Entro pois neste debate e fallarei nelle precisa e resumidamente, não só para não tomar-me fastadioso á Junta, mas tambem para satisfazer aos meus amigos, quê me pedem brevidade. Não seguirei os meus adversarios a passo e passo; mas para haver precisão e clareza no debate, em que vou entrar, dividirei a discussão em duas partes; na primeira examinarei, se os Deputados pelo Ultramar, a pezar da letra do artigo 102.º do Decreto Eleitoral de 30 de Setembro ultimo devem ser contados para fazerem o numero marcado para se constituir a Junta Preparatoria; na segunda examinarei se, supposto mesmo que não devam ser contados para este numero, podem elles tomar parte nas deliberações da Junta Preparatoria.

Não tenho a fortuna de ser formado em Leis, mas tenho por curiosidade lido as obras de alguns Júris-consultos; tenho alguma noção de Hermeneutica juridica, e seguindo esta, a interpretação das Leis é de duas qualidades, uma authentica, outra doutrinal esta ou é lala e extensa, ou restricta e limitada, ou declaratoria. A lala é, quando a disposição da Lei se extende para mais do que parece significar a letra da Lei, a fim de se attender ao espirito da mesma. A restricta é, quando o sentido se limita para menos, do que significa a letra, e a declaratoria, quando o sentido se não amplia, nem restringe, mas se toma exactamente conforme a natural significação das palavras. Esta é a doutrina corrente, como sabem os Srs. Jurisconsultos, que se assentam nesta Casa, a quem peço perdão, se metto a fouce na seara alheia;, mas faço-o por precisão, e parecer-me necessario para o fim, que me propuz.

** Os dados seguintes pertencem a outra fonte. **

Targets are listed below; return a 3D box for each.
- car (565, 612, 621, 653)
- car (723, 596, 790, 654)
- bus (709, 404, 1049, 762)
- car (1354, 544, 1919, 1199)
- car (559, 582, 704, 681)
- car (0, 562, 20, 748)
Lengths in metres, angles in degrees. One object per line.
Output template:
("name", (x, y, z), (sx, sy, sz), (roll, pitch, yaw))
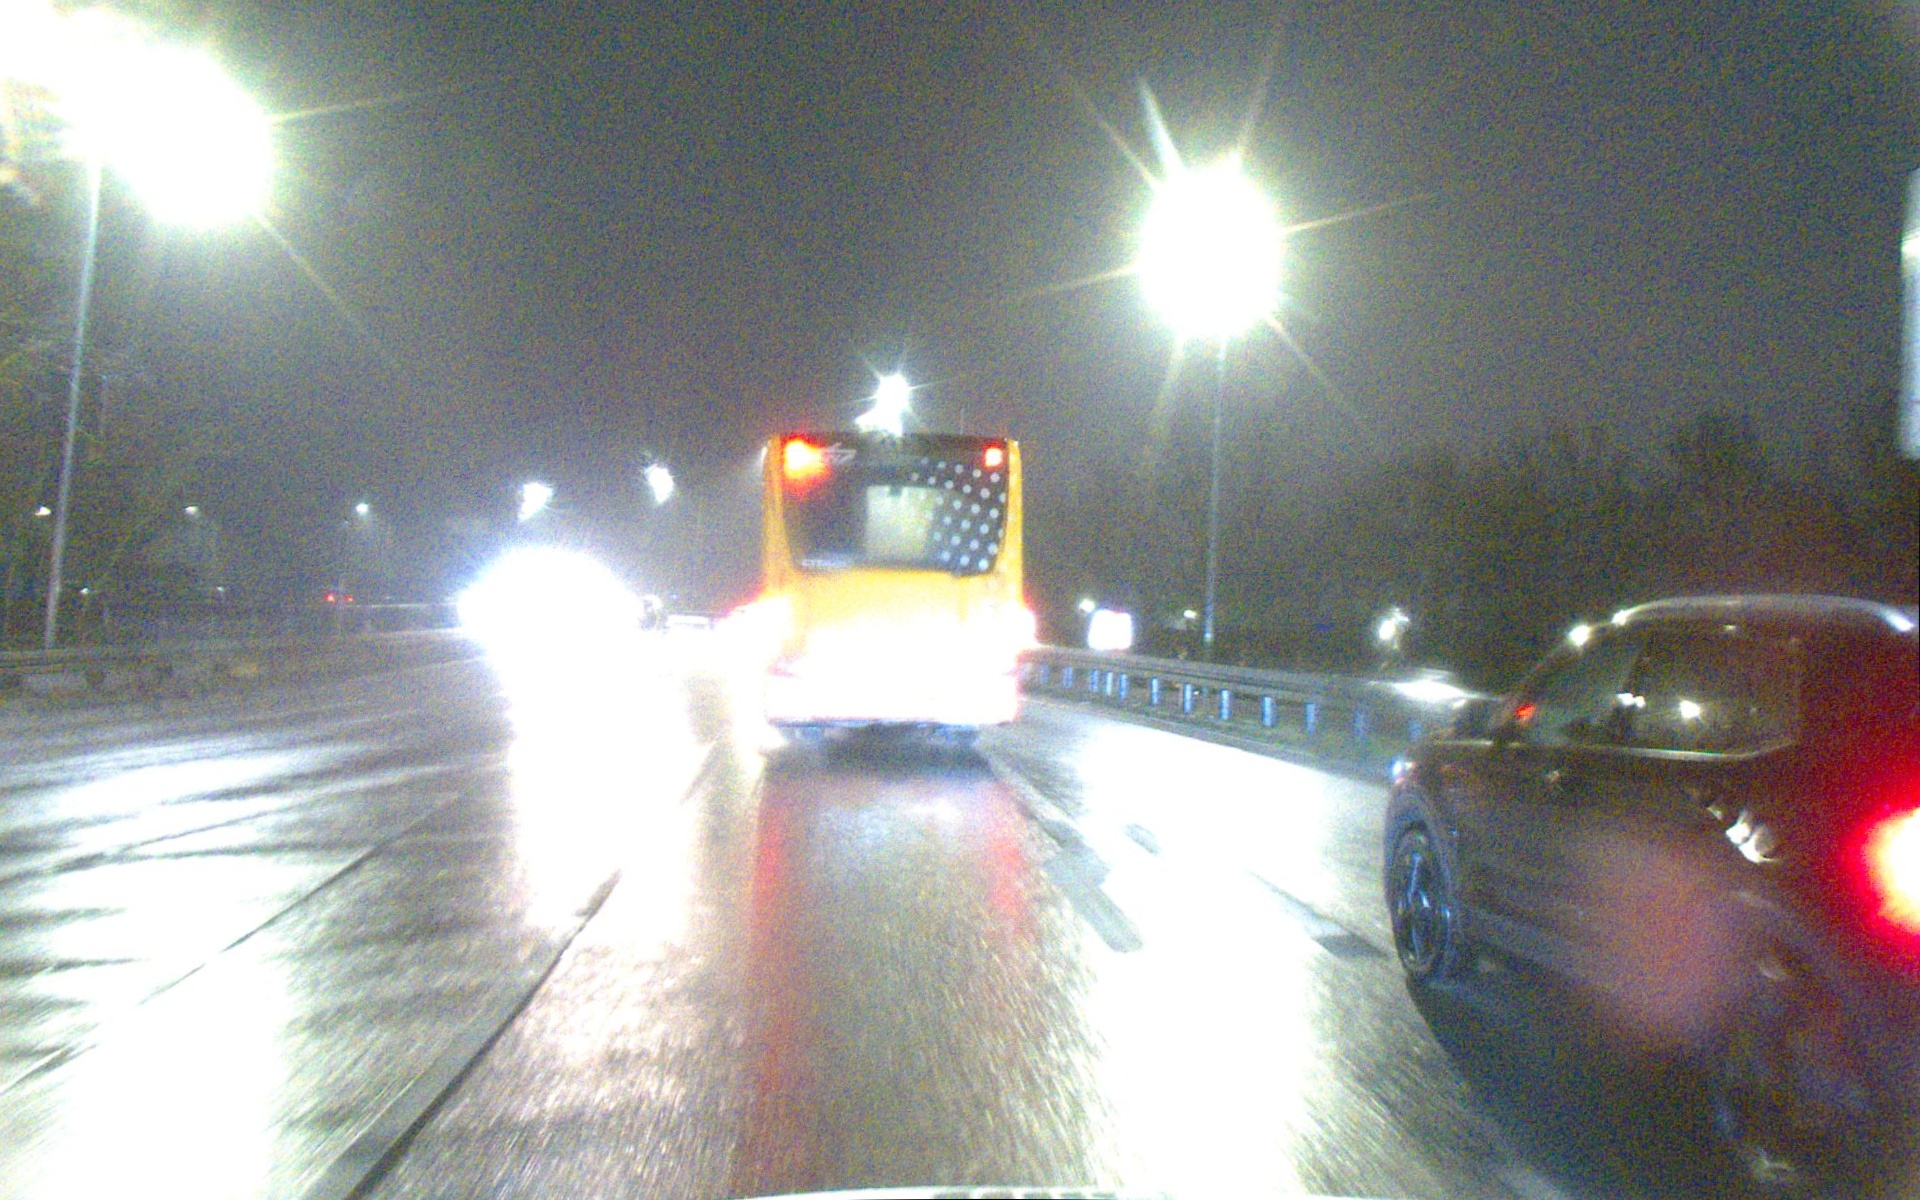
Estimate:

O Sr. Avila, meu respeitavel amigo, e que me merece particular consideração por muitos titulos, n'outro dia, quando fallou, ainda que de passagem nesta questão, disse, que esta Junta não tinha direito para interpretar o Decreto Eleitoral de 30 de Setembro; e eu estou perfeitamente de accôrdo com S. Ex.ª, se fallou da interpretação authentica porque nem a Junta, em quanto Preparatoria, nem depois de constituida em Camara, nem a Camara dos Dignos Pares, nem outro algum Poder Politico tem este direito, senão só e exclusivamente o Poder Legislativo; isto é, os Corpos Collegislativos com a Sancção Regia. Mas, se S. Ex.ª fallou da interpretação doutrinal, como parece, peço venia a S. Ex.ª para dissentir da sua opinião; porque estou convencido, que deste direito da interpretação não póde ser privado um simples particular, que quer intender a Lei, e muito menos a Junta Preparatoria, que tem de applical-a ás especies de constituição da Junta, da validade, e nullidade das eleições dos Deputados eleitos, e em outras muitas, que se comprehendem debaixo das suas attribuições legaes. Isto posto para se saber bem o sentido do artigo 102.º do Decreto Eleitoral, é mister interpretal-o doutrinalmente para evitar absurdos, e conflicto ou collisão com outras Leis, e dar-lhe uma interpretação lala para se corresponder á intenção do Legislador, que é o espirito da Lei (Apoiados) como vou mostrar.

Nunca uma Lei é cousa ociosa; pertende-se por ella alguma cousa; ella serve de meio para se conseguir algum fim. (Apoiados) Sendo isto assim; que é o que se pertendeu neste artigo? Porque apparece elle sómente neste Decreto, e não n'outros muitos que o tem precedido? Qual foi o motivo, que tornou necessaria esta disposição regimental? E facil saber. Na Junta Preparatoria da Camara dissolvida não se attendeu a Proposta, de que para funccionar a Junta bastava o numero, que correspondesse ao de metade e mais um das eleições já realisadas, com deducção das eleições reiteradas, da qual opinião fui tambem eu, mas resolveu-se que era necessaria para a constituição da Junta a presença de metade e mais um do numero total dos Deputados que devem compor a Camara, entrando neste numero os Deputados pelas Ilhas, e pelo Ultramar, com quanto se soubesse, que nessas provincias não tenha havido eleições, pela certeza do tempo.